Introduction
Wearables have the potential to provide accurate estimates of tissue loads at common running injury locations. Here we investigate the accuracy by which commercially available instrumented insoles (ARION) can predict musculoskeletal loading at common running injury locations.
Methods
19 runners (10 males) ran at five different speeds, four slopes, with different step frequencies, and forward trunk lean on an instrumented treadmill, while wearing instrumented insoles. The insole data was used as input to an artificial neural network that was trained to predict the Achilles tendon strain, and tibia and patellofemoral stress impulses and weighted impulses (damage proxy) determined with musculoskeletal modelling. Accuracy was investigated using leave-one-out cross-validation and correlations.
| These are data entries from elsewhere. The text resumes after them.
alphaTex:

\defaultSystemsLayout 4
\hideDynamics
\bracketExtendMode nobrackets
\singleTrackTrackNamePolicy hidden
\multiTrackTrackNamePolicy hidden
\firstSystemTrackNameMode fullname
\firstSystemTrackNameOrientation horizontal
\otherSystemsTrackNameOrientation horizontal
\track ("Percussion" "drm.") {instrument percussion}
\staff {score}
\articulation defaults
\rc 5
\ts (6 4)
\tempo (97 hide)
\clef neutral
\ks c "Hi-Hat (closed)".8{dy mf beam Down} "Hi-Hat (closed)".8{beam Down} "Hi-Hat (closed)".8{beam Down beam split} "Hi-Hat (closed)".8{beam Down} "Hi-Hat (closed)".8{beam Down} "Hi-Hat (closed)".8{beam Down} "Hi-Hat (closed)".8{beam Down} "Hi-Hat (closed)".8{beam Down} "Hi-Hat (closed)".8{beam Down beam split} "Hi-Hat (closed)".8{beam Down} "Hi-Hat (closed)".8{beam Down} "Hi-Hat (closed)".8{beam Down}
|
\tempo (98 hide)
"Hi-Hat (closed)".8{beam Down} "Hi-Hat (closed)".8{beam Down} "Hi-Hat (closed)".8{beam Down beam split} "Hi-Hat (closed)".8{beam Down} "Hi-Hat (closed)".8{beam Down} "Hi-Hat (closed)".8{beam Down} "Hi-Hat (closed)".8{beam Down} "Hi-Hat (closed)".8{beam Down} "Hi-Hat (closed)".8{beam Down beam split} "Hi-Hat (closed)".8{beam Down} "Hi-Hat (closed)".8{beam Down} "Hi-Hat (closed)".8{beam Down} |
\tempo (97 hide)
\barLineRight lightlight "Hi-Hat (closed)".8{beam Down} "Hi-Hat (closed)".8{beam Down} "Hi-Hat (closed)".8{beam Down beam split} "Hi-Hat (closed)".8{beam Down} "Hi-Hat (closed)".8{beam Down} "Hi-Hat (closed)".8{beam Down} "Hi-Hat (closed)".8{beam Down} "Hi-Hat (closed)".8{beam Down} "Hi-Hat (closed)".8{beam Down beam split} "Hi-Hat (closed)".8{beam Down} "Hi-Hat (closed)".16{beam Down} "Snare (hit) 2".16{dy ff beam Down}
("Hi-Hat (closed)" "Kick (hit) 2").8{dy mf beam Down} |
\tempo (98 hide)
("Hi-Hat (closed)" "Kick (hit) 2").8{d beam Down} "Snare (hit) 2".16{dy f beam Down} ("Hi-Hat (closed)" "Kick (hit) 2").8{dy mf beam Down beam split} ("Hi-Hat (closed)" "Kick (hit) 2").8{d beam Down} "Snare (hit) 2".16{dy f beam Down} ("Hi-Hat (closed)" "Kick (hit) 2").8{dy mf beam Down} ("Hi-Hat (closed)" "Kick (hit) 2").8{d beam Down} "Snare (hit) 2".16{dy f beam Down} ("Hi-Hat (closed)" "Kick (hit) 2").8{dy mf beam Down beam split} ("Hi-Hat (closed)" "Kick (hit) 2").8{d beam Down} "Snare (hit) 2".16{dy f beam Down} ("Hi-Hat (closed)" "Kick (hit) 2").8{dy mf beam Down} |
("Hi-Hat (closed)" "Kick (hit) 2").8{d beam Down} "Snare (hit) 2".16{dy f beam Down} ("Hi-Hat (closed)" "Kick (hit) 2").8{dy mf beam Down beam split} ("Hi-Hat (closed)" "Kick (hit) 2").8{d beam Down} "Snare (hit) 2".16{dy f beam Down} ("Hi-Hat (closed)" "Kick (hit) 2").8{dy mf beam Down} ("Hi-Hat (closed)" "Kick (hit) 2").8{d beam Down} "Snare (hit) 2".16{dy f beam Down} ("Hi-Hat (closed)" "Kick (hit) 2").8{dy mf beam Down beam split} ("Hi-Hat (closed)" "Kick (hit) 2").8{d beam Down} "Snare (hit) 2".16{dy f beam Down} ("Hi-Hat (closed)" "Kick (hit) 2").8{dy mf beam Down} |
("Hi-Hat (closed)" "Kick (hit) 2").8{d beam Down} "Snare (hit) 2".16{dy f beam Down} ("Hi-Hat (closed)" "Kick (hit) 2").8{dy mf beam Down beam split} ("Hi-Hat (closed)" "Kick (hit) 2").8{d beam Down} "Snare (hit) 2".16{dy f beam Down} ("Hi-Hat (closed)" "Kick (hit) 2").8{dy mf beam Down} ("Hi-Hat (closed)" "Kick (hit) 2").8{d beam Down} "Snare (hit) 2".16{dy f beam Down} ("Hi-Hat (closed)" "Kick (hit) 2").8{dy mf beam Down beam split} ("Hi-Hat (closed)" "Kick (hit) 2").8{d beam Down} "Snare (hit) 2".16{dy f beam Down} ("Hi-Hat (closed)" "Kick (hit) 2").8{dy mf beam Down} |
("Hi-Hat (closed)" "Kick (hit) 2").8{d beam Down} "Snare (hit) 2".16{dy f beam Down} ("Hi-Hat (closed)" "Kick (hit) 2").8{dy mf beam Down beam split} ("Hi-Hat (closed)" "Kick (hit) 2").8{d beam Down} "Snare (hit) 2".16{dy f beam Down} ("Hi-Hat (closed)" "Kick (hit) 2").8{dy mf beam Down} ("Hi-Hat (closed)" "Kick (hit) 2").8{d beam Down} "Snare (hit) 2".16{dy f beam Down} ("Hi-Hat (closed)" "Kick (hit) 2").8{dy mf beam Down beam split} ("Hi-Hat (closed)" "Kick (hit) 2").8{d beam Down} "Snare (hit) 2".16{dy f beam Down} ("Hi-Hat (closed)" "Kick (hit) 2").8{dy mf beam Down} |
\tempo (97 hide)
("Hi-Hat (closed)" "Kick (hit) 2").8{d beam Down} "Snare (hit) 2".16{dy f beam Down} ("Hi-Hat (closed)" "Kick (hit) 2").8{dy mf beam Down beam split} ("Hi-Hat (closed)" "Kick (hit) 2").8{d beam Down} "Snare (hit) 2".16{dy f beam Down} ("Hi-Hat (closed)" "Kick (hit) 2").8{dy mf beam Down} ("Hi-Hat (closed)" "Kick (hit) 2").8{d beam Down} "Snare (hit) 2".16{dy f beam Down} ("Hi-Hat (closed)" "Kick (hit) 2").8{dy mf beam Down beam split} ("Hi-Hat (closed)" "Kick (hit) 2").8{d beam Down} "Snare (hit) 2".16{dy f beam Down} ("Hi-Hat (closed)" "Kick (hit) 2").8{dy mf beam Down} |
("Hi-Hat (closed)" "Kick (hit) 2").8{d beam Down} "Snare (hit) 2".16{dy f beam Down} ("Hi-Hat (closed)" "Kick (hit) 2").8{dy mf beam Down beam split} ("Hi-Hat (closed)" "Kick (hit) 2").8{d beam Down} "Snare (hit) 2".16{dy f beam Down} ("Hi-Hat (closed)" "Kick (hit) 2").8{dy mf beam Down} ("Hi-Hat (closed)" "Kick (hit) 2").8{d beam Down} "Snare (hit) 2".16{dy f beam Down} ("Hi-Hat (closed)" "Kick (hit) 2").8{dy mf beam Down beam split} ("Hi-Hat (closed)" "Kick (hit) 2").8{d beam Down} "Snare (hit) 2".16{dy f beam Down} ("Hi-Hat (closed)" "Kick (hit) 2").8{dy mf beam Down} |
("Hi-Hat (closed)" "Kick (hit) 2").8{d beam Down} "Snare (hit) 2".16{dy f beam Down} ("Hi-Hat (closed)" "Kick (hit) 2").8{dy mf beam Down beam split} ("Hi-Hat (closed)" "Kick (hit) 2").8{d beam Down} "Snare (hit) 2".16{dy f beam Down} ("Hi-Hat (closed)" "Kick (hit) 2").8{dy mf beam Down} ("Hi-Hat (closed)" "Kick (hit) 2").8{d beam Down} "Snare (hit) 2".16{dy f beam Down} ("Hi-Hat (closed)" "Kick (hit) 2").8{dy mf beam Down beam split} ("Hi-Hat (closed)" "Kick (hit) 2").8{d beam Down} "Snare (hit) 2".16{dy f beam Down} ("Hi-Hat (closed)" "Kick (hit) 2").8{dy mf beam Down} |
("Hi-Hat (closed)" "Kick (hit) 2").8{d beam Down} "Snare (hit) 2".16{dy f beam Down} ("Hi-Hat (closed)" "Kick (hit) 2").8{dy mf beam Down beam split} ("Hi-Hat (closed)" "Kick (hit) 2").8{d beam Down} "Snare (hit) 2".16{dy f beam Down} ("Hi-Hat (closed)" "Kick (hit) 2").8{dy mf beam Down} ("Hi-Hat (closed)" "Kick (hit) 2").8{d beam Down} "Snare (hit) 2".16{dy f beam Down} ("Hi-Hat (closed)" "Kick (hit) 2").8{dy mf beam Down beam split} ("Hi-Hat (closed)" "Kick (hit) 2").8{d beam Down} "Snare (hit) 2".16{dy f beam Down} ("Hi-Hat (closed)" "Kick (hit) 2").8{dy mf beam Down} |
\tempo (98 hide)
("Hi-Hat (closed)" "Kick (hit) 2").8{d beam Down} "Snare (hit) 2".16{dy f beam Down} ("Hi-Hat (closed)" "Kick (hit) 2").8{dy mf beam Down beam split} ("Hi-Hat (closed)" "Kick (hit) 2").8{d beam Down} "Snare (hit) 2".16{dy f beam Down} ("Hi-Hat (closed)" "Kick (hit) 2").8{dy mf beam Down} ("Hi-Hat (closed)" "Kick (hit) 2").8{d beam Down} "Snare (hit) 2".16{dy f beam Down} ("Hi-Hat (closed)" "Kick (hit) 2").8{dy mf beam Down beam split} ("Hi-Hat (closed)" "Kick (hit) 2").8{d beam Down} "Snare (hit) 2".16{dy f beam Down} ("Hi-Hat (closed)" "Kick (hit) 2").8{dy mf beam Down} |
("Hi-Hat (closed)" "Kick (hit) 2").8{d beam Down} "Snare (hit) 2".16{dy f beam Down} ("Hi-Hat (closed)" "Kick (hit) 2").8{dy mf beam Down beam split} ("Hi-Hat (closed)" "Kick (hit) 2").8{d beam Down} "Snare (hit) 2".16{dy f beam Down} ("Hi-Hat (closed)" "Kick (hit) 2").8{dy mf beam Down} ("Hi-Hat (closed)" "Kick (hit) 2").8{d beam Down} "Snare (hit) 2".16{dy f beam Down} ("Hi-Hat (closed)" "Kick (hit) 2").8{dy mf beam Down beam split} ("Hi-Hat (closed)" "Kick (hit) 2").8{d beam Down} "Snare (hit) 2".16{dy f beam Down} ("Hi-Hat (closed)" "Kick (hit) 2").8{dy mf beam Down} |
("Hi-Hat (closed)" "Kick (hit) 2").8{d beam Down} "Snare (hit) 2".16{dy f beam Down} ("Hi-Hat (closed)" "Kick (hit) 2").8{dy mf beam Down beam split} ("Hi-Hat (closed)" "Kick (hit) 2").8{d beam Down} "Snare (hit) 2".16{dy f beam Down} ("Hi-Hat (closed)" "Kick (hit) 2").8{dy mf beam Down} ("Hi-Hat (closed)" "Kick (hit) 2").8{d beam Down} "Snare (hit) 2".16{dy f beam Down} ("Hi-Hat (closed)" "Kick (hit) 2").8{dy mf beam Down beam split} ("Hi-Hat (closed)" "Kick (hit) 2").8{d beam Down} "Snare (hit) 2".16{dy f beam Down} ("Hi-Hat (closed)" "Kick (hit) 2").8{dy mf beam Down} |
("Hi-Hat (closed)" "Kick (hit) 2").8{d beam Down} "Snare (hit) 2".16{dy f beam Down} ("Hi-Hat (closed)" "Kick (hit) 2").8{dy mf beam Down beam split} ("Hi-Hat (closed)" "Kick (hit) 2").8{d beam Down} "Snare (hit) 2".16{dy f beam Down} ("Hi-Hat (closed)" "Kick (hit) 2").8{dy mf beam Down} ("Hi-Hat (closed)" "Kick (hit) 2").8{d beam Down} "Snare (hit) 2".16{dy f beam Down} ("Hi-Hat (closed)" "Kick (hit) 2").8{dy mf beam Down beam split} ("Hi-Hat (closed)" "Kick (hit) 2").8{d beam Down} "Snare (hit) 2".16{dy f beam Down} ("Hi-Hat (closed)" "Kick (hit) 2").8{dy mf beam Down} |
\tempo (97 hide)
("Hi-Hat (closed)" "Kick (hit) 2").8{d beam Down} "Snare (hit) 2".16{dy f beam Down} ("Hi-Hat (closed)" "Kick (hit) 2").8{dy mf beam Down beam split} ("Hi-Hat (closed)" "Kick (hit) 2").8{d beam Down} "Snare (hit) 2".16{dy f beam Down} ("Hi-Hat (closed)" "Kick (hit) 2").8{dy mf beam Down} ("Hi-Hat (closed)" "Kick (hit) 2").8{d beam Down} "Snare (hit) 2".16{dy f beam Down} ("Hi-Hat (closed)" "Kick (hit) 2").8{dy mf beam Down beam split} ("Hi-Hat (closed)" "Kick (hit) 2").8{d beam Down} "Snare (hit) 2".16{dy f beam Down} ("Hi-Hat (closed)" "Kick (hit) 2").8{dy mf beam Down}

The effect of different input metrics was also assessed.
Results
The neural network predicted tissue loading with overall relative percentage errors of 1.95 ± 8.40, -7.37 ± 6.41, and -12.8 ± 9.44% for the patellofemoral joint, tibia and Achilles tendon impulse, respectively. The accuracy significantly changed with altered running speed, slope, or step frequency. Mean (95% confidence interval) within-individual correlations between modelled and predicted impulses across conditions were generally nearly perfect, being 0.92 (0.89 to 0.94); 0.95 (0.93 to 0.96); and 0.95 (0.94 to 0.96) for the patellofemoral, tibial, and Achilles tendon stress/strain impulses, respectively.
Conclusions
This study shows that commercially available instrumented insoles can predict loading at common running injury locations with variable absolute, but (very) high relative accuracy. The absolute error was lower than methods that measure step-count only, or assume a constant load per speed or slope. This developed model may allow for quantification of in-field tissue loading and real-time tissue loading-based feedback to reduce injury risk.